EXERCISE DATA ::
──────
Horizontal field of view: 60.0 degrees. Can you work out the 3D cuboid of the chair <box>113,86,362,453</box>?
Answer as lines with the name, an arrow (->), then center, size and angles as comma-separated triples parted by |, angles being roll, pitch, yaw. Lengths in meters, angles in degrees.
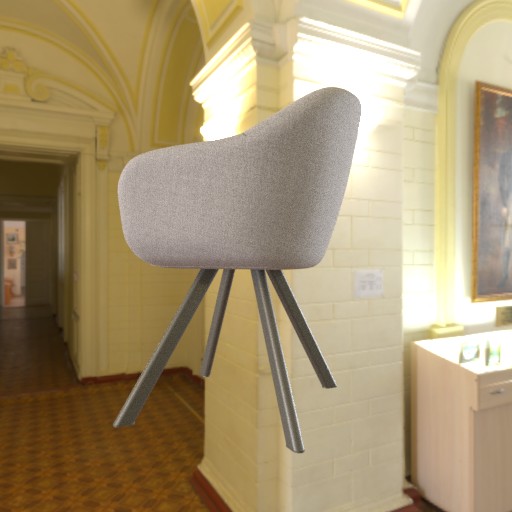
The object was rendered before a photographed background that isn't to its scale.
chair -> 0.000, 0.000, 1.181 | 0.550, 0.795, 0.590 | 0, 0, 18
──────
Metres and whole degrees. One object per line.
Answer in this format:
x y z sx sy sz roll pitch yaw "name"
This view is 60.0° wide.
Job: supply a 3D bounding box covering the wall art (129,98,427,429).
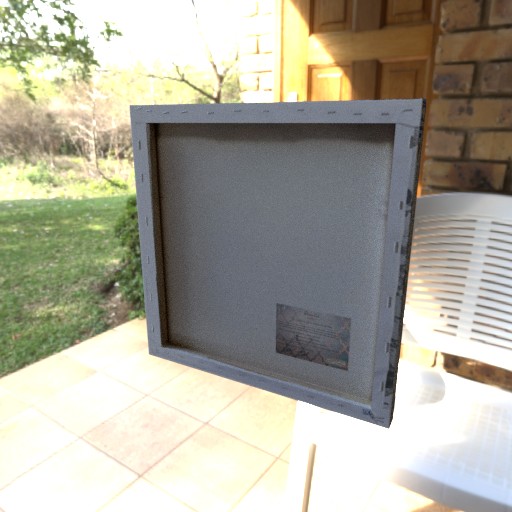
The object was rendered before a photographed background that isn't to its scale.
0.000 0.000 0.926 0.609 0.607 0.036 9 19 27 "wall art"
──────
TASK DESCRIPTION :: Copy the lines above exactly. Start with the line containing "Horizontal field of", end with the line containing "Answer as lines", and include both.

YOUR SOLUTION ::
Horizontal field of view: 60.0 degrees. Can you work out the 3D cuboid of the chair <box>113,86,362,453</box>?
Answer as lines with the name, an arrow (->), then center, size and angles as comma-separated triples parted by |, angles being roll, pitch, yaw. Lengths in meters, angles in degrees.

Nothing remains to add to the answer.